The Union of Concerned Scientists is out with a new study on the 2013 disaster at Nuclear One near Russellville, Arkansas—and it has me wondering if electrical cabinet-based automatic fire suppression could have helped minimize the damage and reduce concerns over what might have been.

In vivid detail supported by video footage, the account captures a series of unbelievably catastrophic events that resulted in a flood that sparked an electrical cabinet fire that knocked out power and threatened efforts to cool down the reactor before it reached total meltdown.

Thankfully, backup diesel generators were functioning during the blackout and workers were able to use water pumps and feed water to cool down the reactor for the first time in its 30-year lifetime. But eight workers were injured during the event, four seriously—and one worker was killed.

Though it's impossible to confirm, there are elements to the account that seem to make an argument for augmenting fixed, building- and room-based fire suppression with electrical cabinet-based fire suppression in mission-critical environments.

But First: Fire Protection…Inside Electrical Cabinets?

Yes—and it's not as far-fetched as it may sound. The fact is, from 2010 through 2014, an estimated 32,960 non-home fires were attributed to electrical distribution and components, causing $1.2 billion in direct property damage, according to a March, 2017 study from NFPA.

With an estimated 13 percent of all non-home fires starting this way, a growing number of businesses and government agencies are looking at adding electrical cabinet-based automated fire suppression systems to their defenses.

Fixed installation systems for building and room fire protection play a critically important role in protecting facilities of all kinds, from data centers to factory floors to yes, nuclear reactors and beyond. But when a fire breaks out in a single electrical cabinet, why not stop it at the source—before the fire can damage surrounding equipment, and before the situation escalates enough to require your total flooding systems to also be actuated?

That's the idea behind a new generation of automatic fire suppression systems that fit directly into electrical cabinets, directly above wires and circuitry where a fire is likely to start.

As it happens, the Nuclear One storyline included a head-spinning plot twist that may have made a very different—yet no less compelling—case for electrical cabinet-based systems.

Related:
Which to Choose: Full Room or Electrical Cabinet Fire Protection?
Case Study: China Telecom Dials Up Electrical Cabinet Fire Protection

Murphy's Law in Action

According to the Concerned Scientists piece, an accident in the Unit 1 reactor at the site during refueling caused the electrical breaker for the power supply to a coolant pump at the site's Unit 2 reactor to open, forcing that coolant pump to cease operation.

This triggered an automatic shutdown of Unit 2 that ruptured an 8-inch diameter fixed fire suppression system header—flooding areas of the turbine building with tens of thousands of gallons of water.

In turn, the flooding caused a short circuit and explosion inside an electrical cabinet that disabled one of the two offsite power connections for Unit 2. This resulted in a water hammer in the units feedwater flow, forcing workers to use pumps and natural circulation to cool down the reactor.

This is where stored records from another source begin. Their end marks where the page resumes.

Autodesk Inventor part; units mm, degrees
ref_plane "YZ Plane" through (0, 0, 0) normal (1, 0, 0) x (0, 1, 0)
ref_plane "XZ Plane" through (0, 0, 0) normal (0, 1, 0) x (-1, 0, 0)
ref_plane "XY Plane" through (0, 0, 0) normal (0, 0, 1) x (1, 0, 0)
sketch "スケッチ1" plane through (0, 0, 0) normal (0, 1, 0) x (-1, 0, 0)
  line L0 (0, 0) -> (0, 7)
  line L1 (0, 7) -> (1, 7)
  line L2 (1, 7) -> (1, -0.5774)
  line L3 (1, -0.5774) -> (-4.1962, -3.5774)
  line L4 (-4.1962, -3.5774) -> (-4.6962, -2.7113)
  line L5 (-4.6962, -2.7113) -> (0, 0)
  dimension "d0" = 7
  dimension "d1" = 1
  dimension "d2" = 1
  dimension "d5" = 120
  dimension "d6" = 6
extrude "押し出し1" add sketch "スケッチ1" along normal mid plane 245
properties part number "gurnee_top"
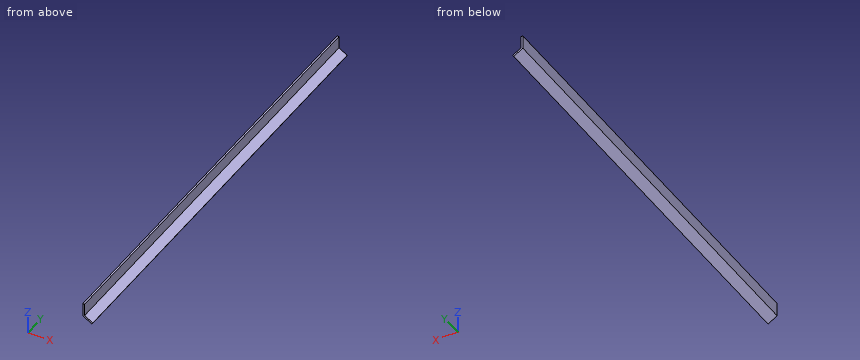
Geometry: final body of the model. Coordinates: model frame, mm. Give positions to 0.01 mm unless a question says otherwise; leave off trailing zeros. Write each loop counter-clockwise with the first axis right and the second up, starting at its lowest first coordinate (ties: lowest second). Pieces come first, ordered by that corner, then holes. Notation, with made-up numbers: (-34.5, -28) - (13.5, -28) arc R13 cw to (13.5, -11) - close; hole circle Ø1 at (-29.75, -0.75). An arc over 180 degrees is marked (long way). Return JSON: item names as keys, results as strings. Group by question number.
1) Section C-C on x = 2. Return the cut outline in (y, z), plus the area to 3 significant figures.
2) Section B-B on z = 3. Return the cut outline in (x, y), plus the area to 3 significant figures.
3) First-contact query: P1, Ø3, axis at y = -51.5, z = 5, coming from the +X side; P2, Ø1, axis at x = -0.5, y = -30, coming from the -Z side; P3, Ø3, axis at x = 1, y = 21, coming from the -Z side. Flat tips, straight axial feed; report the tip coordinate or a pass-through.
4) Section A-A on y = -96.5. Return the cut outline in (x, z).
5) Line query: line 1 (X direction, y = -70, z = 3.75); line 2 (Z direction, x = 0.8, y = -80.5); line 3 (Z direction, x = 2.95, y = 49). Output: solid intervals per line, ascending.
Filled in:
{
 "1": {"outline": "(-122.5, -2.31) - (122.5, -2.31) - (122.5, -1.15) - (-122.5, -1.15) - close", "area": "283 mm^2"},
 "2": {"outline": "(-1, -122.5) - (0, -122.5) - (0, 122.5) - (-1, 122.5) - close", "area": "245 mm^2"},
 "3": {"P1": "stops at x = 0", "P2": "stops at z = -1.15", "P3": "stops at z = -2.6"},
 "4": {"outline": "(-1, -0.58) - (4.2, -3.58) - (4.7, -2.71) - (0, 0) - (0, 7) - (-1, 7) - close"},
 "5": {"line 1": "x = -1 to 0", "line 2": "z = -1.62 to -0.46", "line 3": "z = -2.86 to -1.7"}
}

Though only a distant possibility, had workers been unable to successfully cool down the reactor, there may have been a meltdown, propelled at least in part by a disabled fixed fire suppression system and a drop in offsite power supply caused an electrical cabinet fire.

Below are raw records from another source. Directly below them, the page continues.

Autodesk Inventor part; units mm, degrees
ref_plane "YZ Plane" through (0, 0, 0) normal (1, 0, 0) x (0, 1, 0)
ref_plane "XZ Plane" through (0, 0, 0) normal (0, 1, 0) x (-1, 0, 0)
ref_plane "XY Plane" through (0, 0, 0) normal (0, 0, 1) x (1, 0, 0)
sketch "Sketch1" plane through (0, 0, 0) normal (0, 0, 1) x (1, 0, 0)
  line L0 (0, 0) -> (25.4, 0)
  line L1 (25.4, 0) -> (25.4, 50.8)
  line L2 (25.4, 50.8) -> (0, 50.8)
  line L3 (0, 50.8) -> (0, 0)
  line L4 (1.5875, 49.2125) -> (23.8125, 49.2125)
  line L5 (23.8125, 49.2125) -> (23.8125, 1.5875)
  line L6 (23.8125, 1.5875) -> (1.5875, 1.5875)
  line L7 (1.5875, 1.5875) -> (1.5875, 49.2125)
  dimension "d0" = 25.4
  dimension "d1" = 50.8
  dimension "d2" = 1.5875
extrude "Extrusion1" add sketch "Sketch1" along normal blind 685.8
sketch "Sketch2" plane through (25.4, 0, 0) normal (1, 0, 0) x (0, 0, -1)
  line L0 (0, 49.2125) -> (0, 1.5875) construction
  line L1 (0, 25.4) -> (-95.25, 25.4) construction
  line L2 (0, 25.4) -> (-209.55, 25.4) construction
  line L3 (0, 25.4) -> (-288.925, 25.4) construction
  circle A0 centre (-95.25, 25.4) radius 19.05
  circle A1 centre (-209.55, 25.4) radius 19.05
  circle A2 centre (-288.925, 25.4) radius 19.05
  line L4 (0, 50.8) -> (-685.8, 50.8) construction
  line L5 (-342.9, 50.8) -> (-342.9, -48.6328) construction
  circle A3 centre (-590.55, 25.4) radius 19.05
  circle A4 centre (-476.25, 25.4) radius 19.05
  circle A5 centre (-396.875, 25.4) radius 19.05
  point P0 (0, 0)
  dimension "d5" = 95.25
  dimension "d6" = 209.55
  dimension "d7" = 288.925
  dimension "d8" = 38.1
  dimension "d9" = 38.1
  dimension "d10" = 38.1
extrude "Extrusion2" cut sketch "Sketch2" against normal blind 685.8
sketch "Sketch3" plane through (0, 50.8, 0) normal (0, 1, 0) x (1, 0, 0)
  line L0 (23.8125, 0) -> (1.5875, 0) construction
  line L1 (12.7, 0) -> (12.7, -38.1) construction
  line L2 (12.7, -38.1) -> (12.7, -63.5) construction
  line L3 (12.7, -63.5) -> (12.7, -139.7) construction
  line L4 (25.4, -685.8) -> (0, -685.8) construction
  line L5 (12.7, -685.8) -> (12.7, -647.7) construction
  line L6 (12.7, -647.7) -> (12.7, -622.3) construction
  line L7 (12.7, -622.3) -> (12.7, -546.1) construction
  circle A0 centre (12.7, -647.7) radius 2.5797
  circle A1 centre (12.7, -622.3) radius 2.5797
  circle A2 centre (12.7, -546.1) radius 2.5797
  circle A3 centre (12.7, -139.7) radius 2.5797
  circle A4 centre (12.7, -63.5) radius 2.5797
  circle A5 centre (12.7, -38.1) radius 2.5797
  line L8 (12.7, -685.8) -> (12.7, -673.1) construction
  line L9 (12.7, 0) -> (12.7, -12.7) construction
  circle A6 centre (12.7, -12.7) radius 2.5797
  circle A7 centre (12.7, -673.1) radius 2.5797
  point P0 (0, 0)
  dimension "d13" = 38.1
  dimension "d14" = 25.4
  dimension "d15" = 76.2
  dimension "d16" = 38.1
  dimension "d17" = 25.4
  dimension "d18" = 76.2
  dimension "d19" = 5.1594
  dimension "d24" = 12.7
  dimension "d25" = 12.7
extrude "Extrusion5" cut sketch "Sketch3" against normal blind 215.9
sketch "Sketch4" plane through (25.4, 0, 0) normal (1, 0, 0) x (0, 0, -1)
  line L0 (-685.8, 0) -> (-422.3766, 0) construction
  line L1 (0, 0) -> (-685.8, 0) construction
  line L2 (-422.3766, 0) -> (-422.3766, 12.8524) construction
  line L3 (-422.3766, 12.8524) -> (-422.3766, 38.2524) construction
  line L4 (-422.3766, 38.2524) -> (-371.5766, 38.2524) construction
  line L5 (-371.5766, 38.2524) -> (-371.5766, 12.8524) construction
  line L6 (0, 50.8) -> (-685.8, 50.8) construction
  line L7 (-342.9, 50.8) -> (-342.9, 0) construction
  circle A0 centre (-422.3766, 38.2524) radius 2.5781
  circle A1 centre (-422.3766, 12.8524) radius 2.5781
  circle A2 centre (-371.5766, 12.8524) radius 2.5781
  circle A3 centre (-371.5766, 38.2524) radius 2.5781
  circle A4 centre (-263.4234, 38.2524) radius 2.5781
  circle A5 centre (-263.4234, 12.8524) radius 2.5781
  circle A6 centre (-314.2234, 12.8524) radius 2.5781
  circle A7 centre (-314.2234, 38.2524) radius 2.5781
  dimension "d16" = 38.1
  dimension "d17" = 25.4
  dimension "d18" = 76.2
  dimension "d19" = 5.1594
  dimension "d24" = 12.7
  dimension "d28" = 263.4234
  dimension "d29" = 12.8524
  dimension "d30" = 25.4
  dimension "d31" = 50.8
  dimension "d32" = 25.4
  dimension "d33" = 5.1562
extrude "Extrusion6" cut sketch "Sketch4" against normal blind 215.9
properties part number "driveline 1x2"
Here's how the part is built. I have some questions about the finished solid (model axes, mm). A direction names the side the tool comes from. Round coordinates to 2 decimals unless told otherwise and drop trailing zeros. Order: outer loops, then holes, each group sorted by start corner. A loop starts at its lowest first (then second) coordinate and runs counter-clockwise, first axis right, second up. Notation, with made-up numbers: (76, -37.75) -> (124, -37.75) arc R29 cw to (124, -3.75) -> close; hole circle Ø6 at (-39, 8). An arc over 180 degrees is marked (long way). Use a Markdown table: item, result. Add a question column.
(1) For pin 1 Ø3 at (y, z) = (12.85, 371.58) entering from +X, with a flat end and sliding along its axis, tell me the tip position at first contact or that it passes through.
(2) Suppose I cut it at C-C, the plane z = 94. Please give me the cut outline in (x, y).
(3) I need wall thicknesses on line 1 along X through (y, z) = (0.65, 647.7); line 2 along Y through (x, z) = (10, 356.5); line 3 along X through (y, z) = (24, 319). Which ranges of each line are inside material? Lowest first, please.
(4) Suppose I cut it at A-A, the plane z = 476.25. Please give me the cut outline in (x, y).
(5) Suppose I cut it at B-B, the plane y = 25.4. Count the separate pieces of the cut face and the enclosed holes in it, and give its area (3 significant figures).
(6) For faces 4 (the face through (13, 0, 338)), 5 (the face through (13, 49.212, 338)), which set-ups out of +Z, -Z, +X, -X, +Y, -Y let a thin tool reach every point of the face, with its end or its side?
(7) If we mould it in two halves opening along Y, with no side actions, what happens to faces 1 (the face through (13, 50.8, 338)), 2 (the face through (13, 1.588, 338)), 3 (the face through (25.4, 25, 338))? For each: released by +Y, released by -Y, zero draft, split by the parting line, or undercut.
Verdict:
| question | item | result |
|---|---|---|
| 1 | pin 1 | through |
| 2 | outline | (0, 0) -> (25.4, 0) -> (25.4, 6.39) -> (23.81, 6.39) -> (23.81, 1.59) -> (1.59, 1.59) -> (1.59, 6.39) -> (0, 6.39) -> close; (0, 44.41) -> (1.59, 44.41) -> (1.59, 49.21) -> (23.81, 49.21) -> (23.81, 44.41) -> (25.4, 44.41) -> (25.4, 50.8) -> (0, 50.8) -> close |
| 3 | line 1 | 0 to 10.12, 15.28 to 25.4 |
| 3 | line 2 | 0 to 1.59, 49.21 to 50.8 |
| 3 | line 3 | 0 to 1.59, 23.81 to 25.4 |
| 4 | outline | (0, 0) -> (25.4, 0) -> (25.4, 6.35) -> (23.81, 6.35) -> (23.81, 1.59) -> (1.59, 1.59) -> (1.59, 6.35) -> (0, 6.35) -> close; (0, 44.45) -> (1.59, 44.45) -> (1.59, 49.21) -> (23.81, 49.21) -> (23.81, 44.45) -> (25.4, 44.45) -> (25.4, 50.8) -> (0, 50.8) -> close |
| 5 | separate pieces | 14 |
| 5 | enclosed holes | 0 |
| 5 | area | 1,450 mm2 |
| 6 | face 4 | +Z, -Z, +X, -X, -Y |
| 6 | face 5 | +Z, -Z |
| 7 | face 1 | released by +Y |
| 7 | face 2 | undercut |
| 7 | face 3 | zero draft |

Stopping Bad from Getting Worse

Clearly, the Nuclear One incident is in a realm all its own. But it does highlight risks associated with electrical cabinet fires that can be mitigated or even eliminated with automatic fire suppressions systems housed within them.

Some of the most advanced systems use pressurized, linear pneumatic tubing technology that bursts the moment it detects fires within an electrical cabinet. The sudden tube depressurization actuates the system and instantly floods the entire cabinet area with extinguishing agent, reaching where room protection systems cannot.

As a result, the fire is quickly snuffed out just moments after it begins, minimizing damage. And room-based systems don't have to be actuated more than is absolutely necessary, helping to accelerate incident recovery times and ensure business continuity.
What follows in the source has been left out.